All methods are equivalent
“disease” is listed first in the cbind function, therefore it is the response variable.

Poisson

Misc
- Overdispersion is when the sample variance is greater than the assumed variance which $\text{var}(y) = \mu$.
  - Dispersion, $\phi = \frac{\text{var}(y)}{\mu}$
  - Significance Test: AER::dispersiontest(glm_fit)
    - p-value < 0.05 indicates that significant overdispersion is present.
  - Solutions
    - Quasi-Poisson which adjusts the S.E. and t-stats: $\phi= \frac{\chi^2}{(N-p)}$
      - $\chi^2$ is chi-square; $N$ is the sample size; $p$ is the number of model parameters
      - family = “quasi-poisson” or “quasipoisson”
    - Robust Standard Errors:
    - Negative Binomial
    - {spdep::EBlocal} (Vignette) - Geospatial; Computes local empirical Bayes estimates that shrinks location rates towards a neighborhood mean
      - Acts as a counts smoother for locations with high variance and small populations. Should help with outliers and overdispersion.
      - If there are many zero counts, some estimates may be affected by division by zero
      - Might also be useful as a preprocessing step.
- Using an Identity Link
  - If the true relationship is additive (e.g., a treatment increases cases by a fixed amount rather than a percentage), the identity link is more appropriate.
  - The identity link constrains predictions to remain linear, which may be more realistic in some cases.
  - Issues
    - $\mu$ must be positive, but the linear predictor can yield negative values, which leads to nonsensical predictions.
    - The model may fail to converge if the optimization encounters negative means
  - Solutions
    - Use starting values (See Regression, Logistic >> Starting Values)
    - {glm2} (Vignette) - Fits models with a modified default fitting method that provides greater stability for models that may fail to converge using glm
      - Sometimes the method (step-halving) that glm uses when it fails to converge doesn’t get activated. This package uses that method at the start.
      - Could still require starting values.
    - Bayesian Methods
Assumptions
- The mean is equal to the variance
- The outcome is an integer
- Events are independent (e.g. scoring a goal doesn’t impact the scoring of another goal)
- Time period (or space) is fixed
- Homogeneity (e.g. each team has the same probability of scoring a goal)
  - Easily violated
  - Violations leads to overdispersion
- Multiple events do not happen at the same time (or space)

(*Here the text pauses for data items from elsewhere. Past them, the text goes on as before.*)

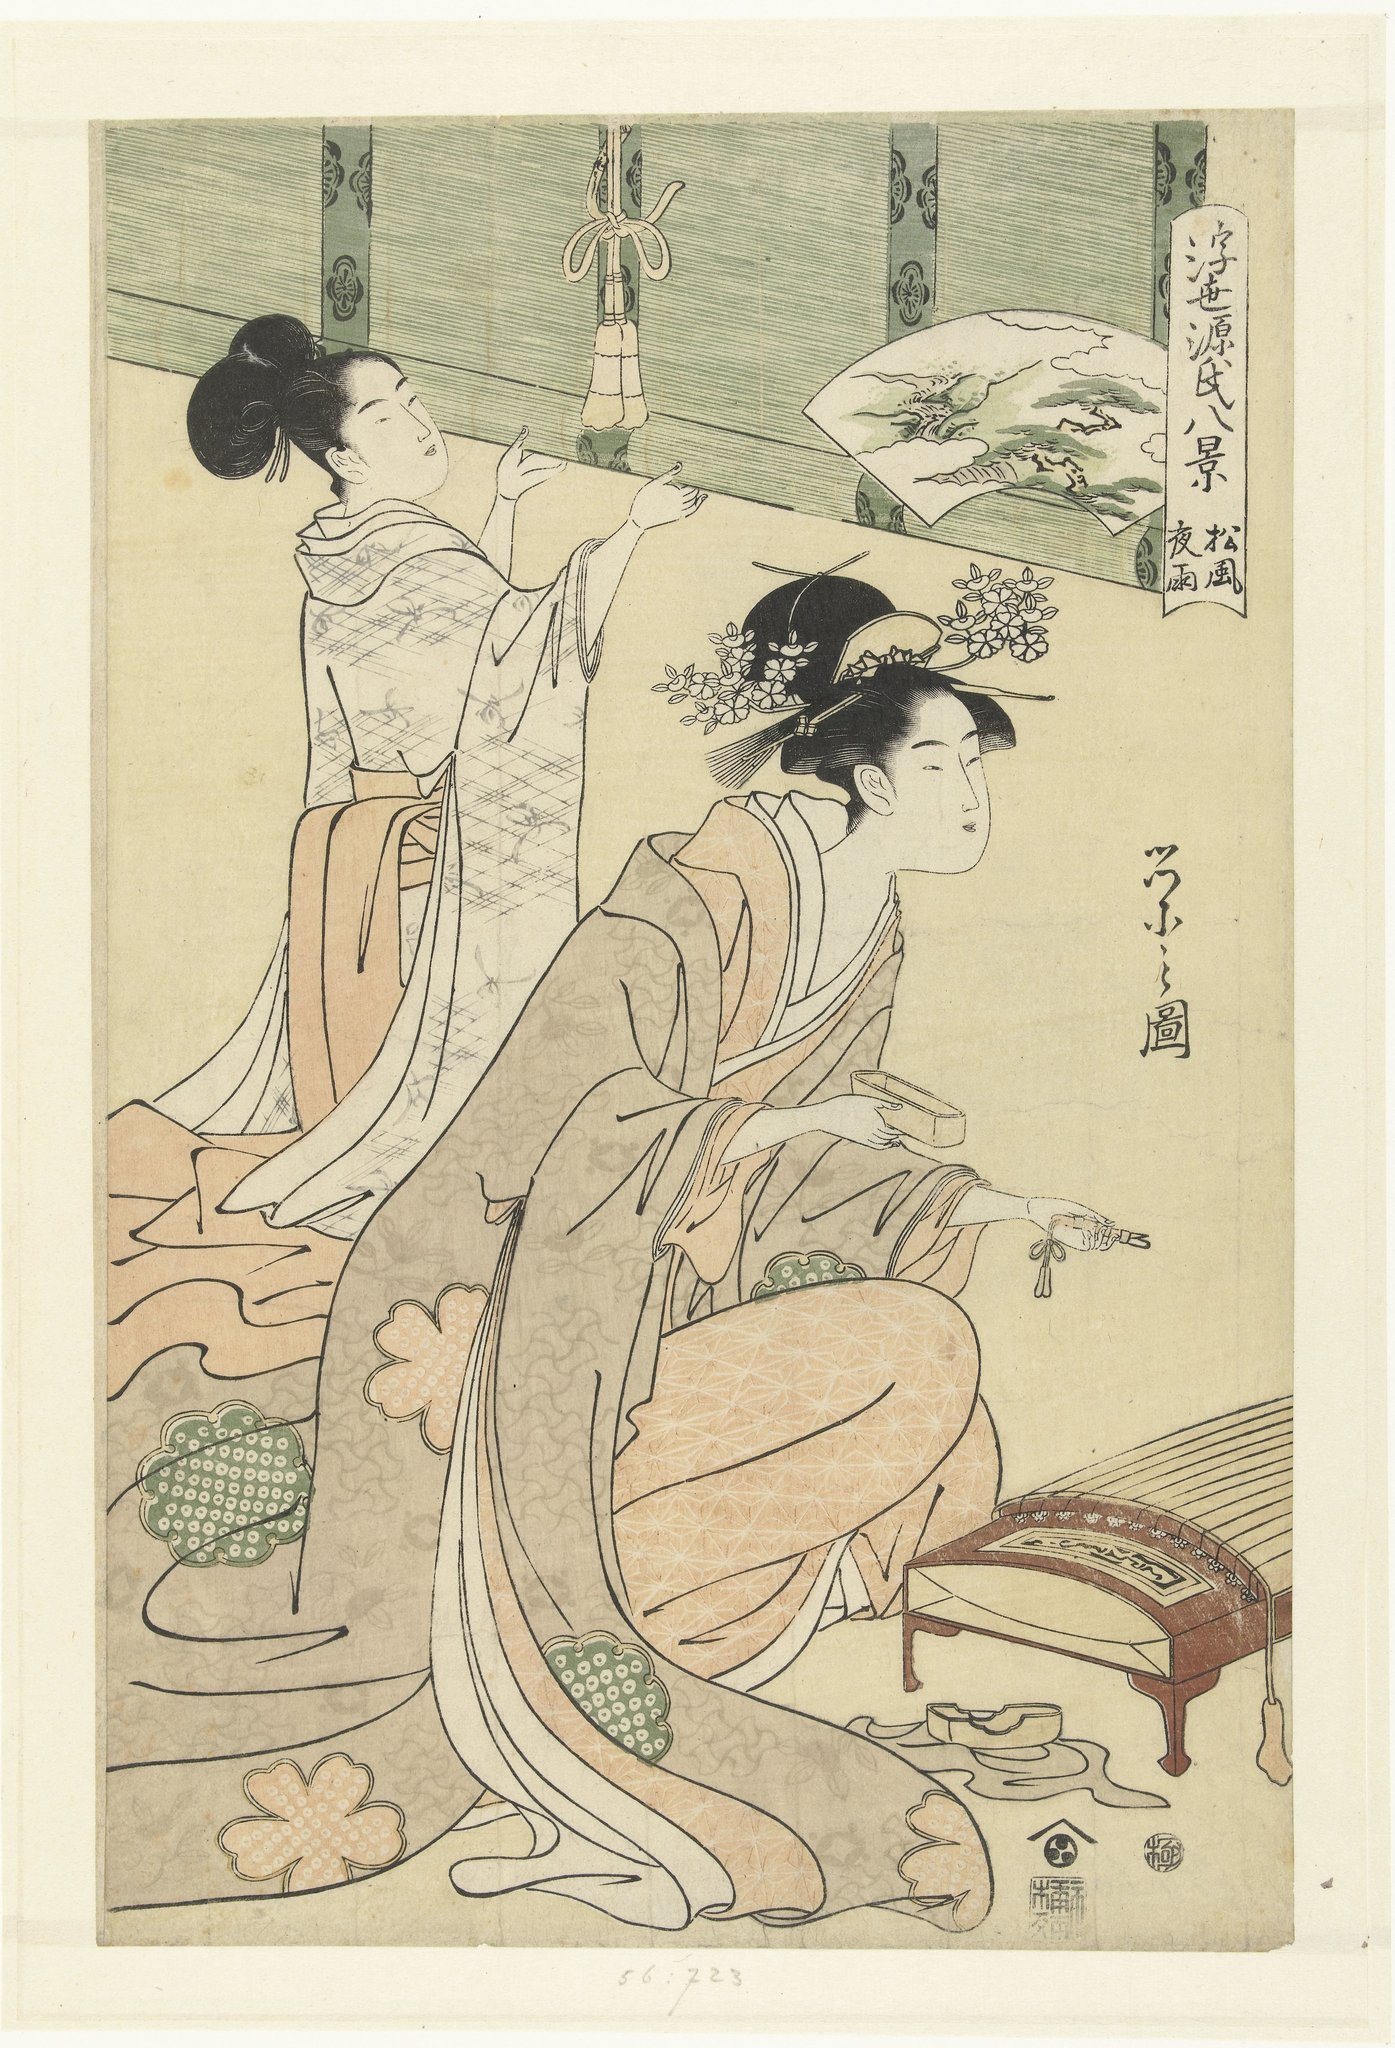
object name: print
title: Acht vlietende wereld gezichten van het Genji verhaal.
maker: hosoda eishi
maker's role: print maker
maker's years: 1756-1829
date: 1793-1797
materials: paper
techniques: woodcut
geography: tokyo
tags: curtains, string instruments (plucked)
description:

  - Or the distribution is actually Binomial and n is sufficiently larger than “successes.”
  - Can lead to negative predictions
Interpretation
- Effect of a binary treatment
  
  \[ e^\beta = \mathbb{E}[Y(1)/\mathbb{E}Y(0)] = \theta_{\text{ATE%}} + 1 \]
  - $\theta$ is the effect interpreted as a percentage
  - $\mathbb{E}[Y(1)]$ is the expected value of the outcome for a subject assigned to Treatment.
  - Therefore, $e^\beta - 1$ is the average percent increase or decrease from baseline to treatment
  - Parameter may difficult to interpret in contexts where Y spans several order of magnitudes.
    - Example: The econometrician may perceive a change in income from $5,000 to $6,000 very differently from a change in income from $100,000 to $101,000, yet both those changes are treatment effects in levels of $1,000 and thus contribute equally to θATE%.